Full Circuit (1986–present)
- Length: 2.410 km (1.498 mi)
- Turns: 11
- Race lap record: 1:01.444 ( Sam Abay, Mygale FB02, 2006, Formula BMW)

= Bira Circuit =

Motorsport race track in Thailand

Bira Circuit is a motor racing track in Thailand, located in 111 Moo 5 Banglamung, Chonburi, 15 km northeast of Pattaya. The circuit is located on State Highway 36 which is 120 km from Bangkok and 20 km from the CBD of Pattaya.

The venue is named after first Thai Formula 1 racing driver, Prince Birabongse Bhanudej Bhanubandh. The circuit has been operated by Bira Circuit One Company, Limited. The track, initially opened in 1986, covers an area of 65 acre. It is a 2.410 km permanent motor and motorbike racing circuit with an offroad track, a rally stage and a go-kart facility.
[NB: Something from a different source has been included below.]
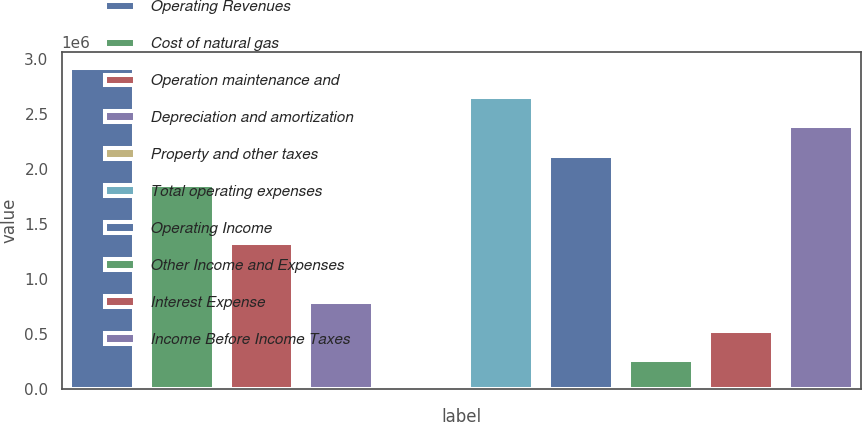<chart> <loc_0><loc_0><loc_500><loc_500><bar_chart><fcel>Operating Revenues<fcel>Cost of natural gas<fcel>Operation maintenance and<fcel>Depreciation and amortization<fcel>Property and other taxes<fcel>Total operating expenses<fcel>Operating Income<fcel>Other Income and Expenses<fcel>Interest Expense<fcel>Income Before Income Taxes<nl><fcel>2.91866e+06<fcel>1.85733e+06<fcel>1.32667e+06<fcel>796003<fcel>8<fcel>2.65332e+06<fcel>2.12266e+06<fcel>265340<fcel>530671<fcel>2.38799e+06<nl></chart> 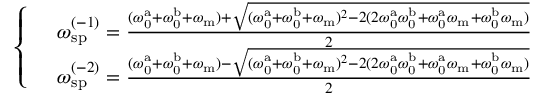<formula> <loc_0><loc_0><loc_500><loc_500>\begin{array} { r l } & { \left \{ \begin{array} { l l } & { \omega _ { s p } ^ { ( - 1 ) } = \frac { ( \omega _ { 0 } ^ { a } + \omega _ { 0 } ^ { b } + \omega _ { m } ) + \sqrt { ( \omega _ { 0 } ^ { a } + \omega _ { 0 } ^ { b } + \omega _ { m } ) ^ { 2 } - 2 ( 2 \omega _ { 0 } ^ { a } \omega _ { 0 } ^ { b } + \omega _ { 0 } ^ { a } \omega _ { m } + \omega _ { 0 } ^ { b } \omega _ { m } ) } } { 2 } } \\ & { \omega _ { s p } ^ { ( - 2 ) } = \frac { ( \omega _ { 0 } ^ { a } + \omega _ { 0 } ^ { b } + \omega _ { m } ) - \sqrt { ( \omega _ { 0 } ^ { a } + \omega _ { 0 } ^ { b } + \omega _ { m } ) ^ { 2 } - 2 ( 2 \omega _ { 0 } ^ { a } \omega _ { 0 } ^ { b } + \omega _ { 0 } ^ { a } \omega _ { m } + \omega _ { 0 } ^ { b } \omega _ { m } ) } } { 2 } } \end{array} } \end{array}</formula>

The circuit is twisty and bumpy and consists of elevation and two chicanes, a fast downhill double apex corner. There are 30 pits for racecars, plus a control tower, medical center and meeting room. The grandstand and spectator area can accommodate up to 30,000 people. It is also the first circuit in Thailand that meets the standard of Fédération Internationale de l'Automobile (F.I.A.). The South East Asia Touring Car Zone Challenge (SEATCZC) has been run at Bira Circuit since 1992 and the Asian Formula 2000 since 1997. The Circuit has full facilities for arranging all kinds of motorsport events; race meeting, racing school, test drives, etc.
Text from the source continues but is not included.